• Task objective: Would you please transcribe, exactly as written, the lines of the entries below starting at the one that holds "Answer: 2075 kWh" and ending at the one that holds "Answer: 3 households", both included?

■ ■ ■ ■ ■ ■ ■

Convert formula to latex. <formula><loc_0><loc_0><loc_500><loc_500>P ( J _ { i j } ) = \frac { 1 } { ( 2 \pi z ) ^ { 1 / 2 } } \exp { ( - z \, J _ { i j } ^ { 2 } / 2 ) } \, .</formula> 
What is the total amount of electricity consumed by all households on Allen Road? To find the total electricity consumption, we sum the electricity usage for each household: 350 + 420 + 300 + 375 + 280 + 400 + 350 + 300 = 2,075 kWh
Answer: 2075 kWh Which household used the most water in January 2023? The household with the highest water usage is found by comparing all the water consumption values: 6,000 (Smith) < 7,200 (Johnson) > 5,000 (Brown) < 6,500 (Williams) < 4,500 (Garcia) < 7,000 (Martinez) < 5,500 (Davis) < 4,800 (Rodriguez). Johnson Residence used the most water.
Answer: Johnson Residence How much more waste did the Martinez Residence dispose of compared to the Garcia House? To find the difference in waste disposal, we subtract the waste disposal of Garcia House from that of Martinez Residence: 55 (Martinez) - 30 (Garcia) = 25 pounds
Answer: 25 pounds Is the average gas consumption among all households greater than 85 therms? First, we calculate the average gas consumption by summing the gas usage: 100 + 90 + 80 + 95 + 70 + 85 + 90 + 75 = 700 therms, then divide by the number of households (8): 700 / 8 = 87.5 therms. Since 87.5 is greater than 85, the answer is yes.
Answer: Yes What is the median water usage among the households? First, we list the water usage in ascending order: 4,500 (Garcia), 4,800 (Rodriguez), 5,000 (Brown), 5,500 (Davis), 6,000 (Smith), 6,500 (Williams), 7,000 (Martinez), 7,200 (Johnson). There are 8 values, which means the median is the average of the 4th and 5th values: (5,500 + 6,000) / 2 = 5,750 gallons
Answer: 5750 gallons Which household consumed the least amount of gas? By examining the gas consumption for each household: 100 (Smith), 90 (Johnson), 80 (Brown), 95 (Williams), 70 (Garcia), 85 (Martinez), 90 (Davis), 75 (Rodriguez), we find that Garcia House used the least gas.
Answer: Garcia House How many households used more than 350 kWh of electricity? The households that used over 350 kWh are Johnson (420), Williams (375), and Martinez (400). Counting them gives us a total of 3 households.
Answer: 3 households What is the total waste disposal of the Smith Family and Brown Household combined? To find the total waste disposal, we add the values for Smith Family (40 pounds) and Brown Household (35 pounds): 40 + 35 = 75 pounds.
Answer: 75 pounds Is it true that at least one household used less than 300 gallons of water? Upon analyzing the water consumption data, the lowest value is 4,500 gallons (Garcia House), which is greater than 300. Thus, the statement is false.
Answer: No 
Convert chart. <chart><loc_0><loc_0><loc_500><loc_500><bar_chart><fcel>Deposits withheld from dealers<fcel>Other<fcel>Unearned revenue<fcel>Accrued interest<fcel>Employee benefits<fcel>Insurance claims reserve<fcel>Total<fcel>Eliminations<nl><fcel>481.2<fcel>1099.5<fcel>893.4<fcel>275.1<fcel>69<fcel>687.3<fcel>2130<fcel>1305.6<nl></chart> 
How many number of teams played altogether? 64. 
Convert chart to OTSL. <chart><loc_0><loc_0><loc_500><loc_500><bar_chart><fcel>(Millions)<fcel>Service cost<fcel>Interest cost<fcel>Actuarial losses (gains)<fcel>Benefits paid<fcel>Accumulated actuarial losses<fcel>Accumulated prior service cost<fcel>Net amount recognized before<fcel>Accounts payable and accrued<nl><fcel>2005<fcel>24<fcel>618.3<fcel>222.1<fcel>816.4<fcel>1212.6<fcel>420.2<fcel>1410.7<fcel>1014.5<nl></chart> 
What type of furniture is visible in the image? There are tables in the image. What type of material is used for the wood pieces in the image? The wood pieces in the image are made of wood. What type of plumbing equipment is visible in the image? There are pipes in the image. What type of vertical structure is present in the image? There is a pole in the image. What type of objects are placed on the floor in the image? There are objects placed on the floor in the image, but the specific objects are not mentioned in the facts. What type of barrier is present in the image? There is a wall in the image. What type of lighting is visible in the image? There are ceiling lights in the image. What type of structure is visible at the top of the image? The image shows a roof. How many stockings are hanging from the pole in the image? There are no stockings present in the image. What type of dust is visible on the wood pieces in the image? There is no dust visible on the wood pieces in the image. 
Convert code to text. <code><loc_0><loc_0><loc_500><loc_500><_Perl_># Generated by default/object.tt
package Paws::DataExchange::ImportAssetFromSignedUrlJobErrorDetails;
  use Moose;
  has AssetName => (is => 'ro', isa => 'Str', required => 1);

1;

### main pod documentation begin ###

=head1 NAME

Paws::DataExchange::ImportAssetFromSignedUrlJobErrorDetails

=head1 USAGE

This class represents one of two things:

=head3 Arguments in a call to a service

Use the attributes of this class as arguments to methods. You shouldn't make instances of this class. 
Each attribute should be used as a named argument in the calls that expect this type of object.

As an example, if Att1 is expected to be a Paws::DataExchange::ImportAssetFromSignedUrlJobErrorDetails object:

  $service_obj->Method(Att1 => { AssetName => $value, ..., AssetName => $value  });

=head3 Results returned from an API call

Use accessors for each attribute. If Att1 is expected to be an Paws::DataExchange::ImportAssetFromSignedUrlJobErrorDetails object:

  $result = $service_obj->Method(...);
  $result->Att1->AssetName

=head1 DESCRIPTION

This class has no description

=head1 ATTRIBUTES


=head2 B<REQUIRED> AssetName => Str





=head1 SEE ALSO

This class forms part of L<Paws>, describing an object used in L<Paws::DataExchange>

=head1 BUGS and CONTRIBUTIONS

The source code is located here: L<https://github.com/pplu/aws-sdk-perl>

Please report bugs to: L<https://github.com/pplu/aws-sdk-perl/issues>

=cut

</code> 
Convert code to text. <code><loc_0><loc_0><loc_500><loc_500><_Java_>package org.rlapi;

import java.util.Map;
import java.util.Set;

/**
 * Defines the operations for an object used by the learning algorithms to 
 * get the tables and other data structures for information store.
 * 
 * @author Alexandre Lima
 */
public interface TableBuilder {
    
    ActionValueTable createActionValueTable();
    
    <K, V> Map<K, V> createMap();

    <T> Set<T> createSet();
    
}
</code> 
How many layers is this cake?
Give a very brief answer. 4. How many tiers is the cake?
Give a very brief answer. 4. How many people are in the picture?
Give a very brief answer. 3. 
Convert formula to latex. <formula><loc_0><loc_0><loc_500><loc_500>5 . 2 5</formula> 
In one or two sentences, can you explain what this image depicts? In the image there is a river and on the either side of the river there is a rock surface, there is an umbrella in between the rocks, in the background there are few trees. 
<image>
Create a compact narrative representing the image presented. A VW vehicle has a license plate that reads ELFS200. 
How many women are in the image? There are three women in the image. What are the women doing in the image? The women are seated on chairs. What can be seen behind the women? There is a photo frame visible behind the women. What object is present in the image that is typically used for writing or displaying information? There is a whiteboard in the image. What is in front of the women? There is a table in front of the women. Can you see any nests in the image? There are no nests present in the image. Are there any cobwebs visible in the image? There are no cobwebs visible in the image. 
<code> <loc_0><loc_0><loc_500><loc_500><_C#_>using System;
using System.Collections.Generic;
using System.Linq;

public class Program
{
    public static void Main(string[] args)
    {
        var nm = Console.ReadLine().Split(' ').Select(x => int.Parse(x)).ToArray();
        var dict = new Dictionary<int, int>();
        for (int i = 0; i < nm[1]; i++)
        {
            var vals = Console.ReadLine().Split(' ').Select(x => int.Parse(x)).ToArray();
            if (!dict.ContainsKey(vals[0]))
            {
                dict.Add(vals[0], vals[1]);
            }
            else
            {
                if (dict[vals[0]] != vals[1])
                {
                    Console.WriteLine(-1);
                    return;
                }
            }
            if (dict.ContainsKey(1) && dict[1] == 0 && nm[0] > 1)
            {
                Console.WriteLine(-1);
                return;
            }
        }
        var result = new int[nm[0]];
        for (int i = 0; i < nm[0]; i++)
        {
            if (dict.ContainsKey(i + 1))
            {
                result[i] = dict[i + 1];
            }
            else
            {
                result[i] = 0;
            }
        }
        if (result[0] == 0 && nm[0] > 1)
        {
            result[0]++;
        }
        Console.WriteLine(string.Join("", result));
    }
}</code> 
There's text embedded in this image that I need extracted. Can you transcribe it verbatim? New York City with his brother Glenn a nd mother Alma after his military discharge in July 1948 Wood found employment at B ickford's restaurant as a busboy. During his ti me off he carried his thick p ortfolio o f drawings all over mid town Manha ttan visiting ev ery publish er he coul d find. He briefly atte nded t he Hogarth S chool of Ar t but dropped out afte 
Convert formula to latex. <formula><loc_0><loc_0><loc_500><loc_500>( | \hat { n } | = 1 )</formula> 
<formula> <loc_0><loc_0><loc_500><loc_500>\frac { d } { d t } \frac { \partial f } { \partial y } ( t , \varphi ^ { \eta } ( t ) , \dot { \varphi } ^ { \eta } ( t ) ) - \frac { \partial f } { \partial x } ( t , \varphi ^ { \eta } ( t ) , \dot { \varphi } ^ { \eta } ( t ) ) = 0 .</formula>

■ ■ ■ ■ ■ ■ ■

• Result:
Answer: 2075 kWh Which household used the most water in January 2023? The household with the highest water usage is found by comparing all the water consumption values: 6,000 (Smith) < 7,200 (Johnson) > 5,000 (Brown) < 6,500 (Williams) < 4,500 (Garcia) < 7,000 (Martinez) < 5,500 (Davis) < 4,800 (Rodriguez). Johnson Residence used the most water.
Answer: Johnson Residence How much more waste did the Martinez Residence dispose of compared to the Garcia House? To find the difference in waste disposal, we subtract the waste disposal of Garcia House from that of Martinez Residence: 55 (Martinez) - 30 (Garcia) = 25 pounds
Answer: 25 pounds Is the average gas consumption among all households greater than 85 therms? First, we calculate the average gas consumption by summing the gas usage: 100 + 90 + 80 + 95 + 70 + 85 + 90 + 75 = 700 therms, then divide by the number of households (8): 700 / 8 = 87.5 therms. Since 87.5 is greater than 85, the answer is yes.
Answer: Yes What is the median water usage among the households? First, we list the water usage in ascending order: 4,500 (Garcia), 4,800 (Rodriguez), 5,000 (Brown), 5,500 (Davis), 6,000 (Smith), 6,500 (Williams), 7,000 (Martinez), 7,200 (Johnson). There are 8 values, which means the median is the average of the 4th and 5th values: (5,500 + 6,000) / 2 = 5,750 gallons
Answer: 5750 gallons Which household consumed the least amount of gas? By examining the gas consumption for each household: 100 (Smith), 90 (Johnson), 80 (Brown), 95 (Williams), 70 (Garcia), 85 (Martinez), 90 (Davis), 75 (Rodriguez), we find that Garcia House used the least gas.
Answer: Garcia House How many households used more than 350 kWh of electricity? The households that used over 350 kWh are Johnson (420), Williams (375), and Martinez (400). Counting them gives us a total of 3 households.
Answer: 3 households What is the total waste disposal of the Smith Family and Brown Household combined? To find the total waste disposal, we add the values for Smith Family (40 pounds) and Brown Household (35 pounds): 40 + 35 = 75 pounds.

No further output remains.